# The best HT system for the room



## markprovo (Mar 15, 2009)

I'm at a point on my HT project where I need to decide on the best system to my HT room. It measures 22 X 14 X 9. Lately I've been reading a lot in this forum about a few different HT system brands and these are my options so far. 

- Paradigm Studio systems
- B&W 600 series
- Klipsch 

Please any feedback will help. If you have a brand preference could you also let me know what series, models you'd recommend according to my HT space. I do not want to buy more sound quality or watts than I need. I just want something worth paying for for the space I have.

Appreciate your time.


----------



## nova (Apr 30, 2006)

Hi Mark, Welcome to the Shack.
Do you already have a receiver, separates, dvd, etc, or just looking for speakers? I'm sure we can help you out,... what is your budget going to be? If you can be a bit more specific about your needs, goals and budget, we can give you some recommendations.


----------



## Sonnie (Apr 11, 2006)

*Welcome to Home Theater Shack!*

Howdy there markprovo and welcome to the Shack!

We hope you find yourself hanging with us regularly... :T


_*Sonnie*_


----------



## markprovo (Mar 15, 2009)

nova said:


> Do you already have a receiver, separates, dvd, etc, or just looking for speakers?
> 
> Mark,
> 
> ...


----------



## nova (Apr 30, 2006)

The Onkyo should work fine with the majority of those manufacturers' speakers though it will depend on which specific model of speaker. Whether or not your specific Onkyo will decode the new codecs that the Blu-ray player brings to the table,...???? Depends on what model it is.
Yes, you can put together a decent - very nice system for 2k-4k especially since you already have a monitor and receiver.

Any requirements for speakers size? Large towers, bookshelf, small satellites?


----------



## paints (Feb 3, 2008)

Hey Mark!

I'm sharing the same boat your in. I just picked up the Onkyo 706. It's way to much receiver for my room (17x17) but it has 4 HDMI inputs, carries all the current formats (should keep me up to date for a few years) and is a 7.1 receiver.

So the best advice I could give is to pick a receiver based on how your going to use it. If your planning on Blu-Ray, High Def cable, PS3 or any game console. Make sure your reciever will work with all that.

And I'm not a brand loyalist guy. I couldn't tell you if my Onkyo is better than a Denon or Pioneer, or Marantz or whatever. It's just what happened to be the model I did the most reading on and fit my price. Sooo look around and buy based on your needs and also look a bit ahead to make sure you won't be obsolete (ok to obsolete) after you purchase.

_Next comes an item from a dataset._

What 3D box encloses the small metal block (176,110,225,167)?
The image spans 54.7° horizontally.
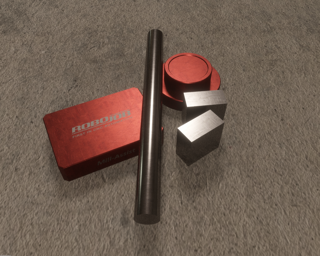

On speakers. Good luck there. My budgets tight. If yours is as well. Read up on the Yambekas or search the Shack Electronics Speakers section (hope you got a few hours). Somebody around here will have a review or an opinion on something you find.

If your in no hurry. I'm hoping to have the Yambekas by early next month (gotta wait for my check). Heh...hopefully the Lawn Mower still works after the winter!!!


----------



## markprovo (Mar 15, 2009)

Mark, 

Is there another receiver that you'd recomend to work better with Blue Ray and latest HD equipment, without braking the bank ?

- Paradigm, I'm leaning towards the Studio series. Any recommendation
- S40 or S60 large towers (front)
- CC590 or CC690 Center
- ADP 590 Surround
- Seismic 10 0r 12 Subwoofer


- Klipsch, the speakers are
- WF 35 or RF 63 large towers
- WC 24 or RC62 centers
- WS 24 (what do you think about this one?? I like the way it looks, but what about performance?) or RS 52
- RW 12d subwoofer.

Could you help decide based on these speakers, which brand would give the best overall sound quality and performance?

Mark, for the size of the room I have would you recommend large towers, bookshelf, small satellites? and Why?

Thanks again for your help.


----------



## markprovo (Mar 15, 2009)

Thanks paitns for the info. Good luck to you.


----------



## nova (Apr 30, 2006)

First off, we'd need to know which Onkyo receiver you have now.

Can't say much about Paradigm as I have never heard any. I understand they do lean a bit toward the bright side but not so much as most Klipsch speakers. Unfortunately I have not had a chance to hear the Klipsch W series either,... not much help huh? :coocoo:

I would "guess" based on specs and what I've read on the net, the Klipsch Reference Series will likely be a better performer in a HT setting. They will likely be more dynamic and much easier to drive with just about any receiver. OTOH, the Paradigm's would likely be more enjoyable if you also listen to a lot of music.

Personally I prefer large towers. The merits of towers vs. bookshelf could be and have been discussed ad nauseum, I feel they give you a fuller sound than the bookshelf+sub combo especially in a large room. I have 2 bookshelf+sub systems and one that has two large towers in the mix,... just my preference. :dontknow:

I'd also suggest an SVS sub over either the Klipsch or Paradigm.


----------



## Eric D (Feb 9, 2009)

One thing you need to know is that, unless it's important to you that they look alike, there's NO reason to worry about getting a subwoofer from the same company as the speakers. That, and there's several internet-direct (ID) subwoofer firms that will rock your world.

I think that most people around here will agree with that advice. Another thing I'll add is to reserve some of your subwoofer budget for equalization. Read on around here, and you'll find out what that brings to the table. 

Have fun,


----------



## jackfish (Dec 27, 2006)

I wouldn't make a decision until you can listen to your choices. I can't tell you which is better as far as sound quality is concerned. My ears are not your ears. Might as well listen to PSB as well.


----------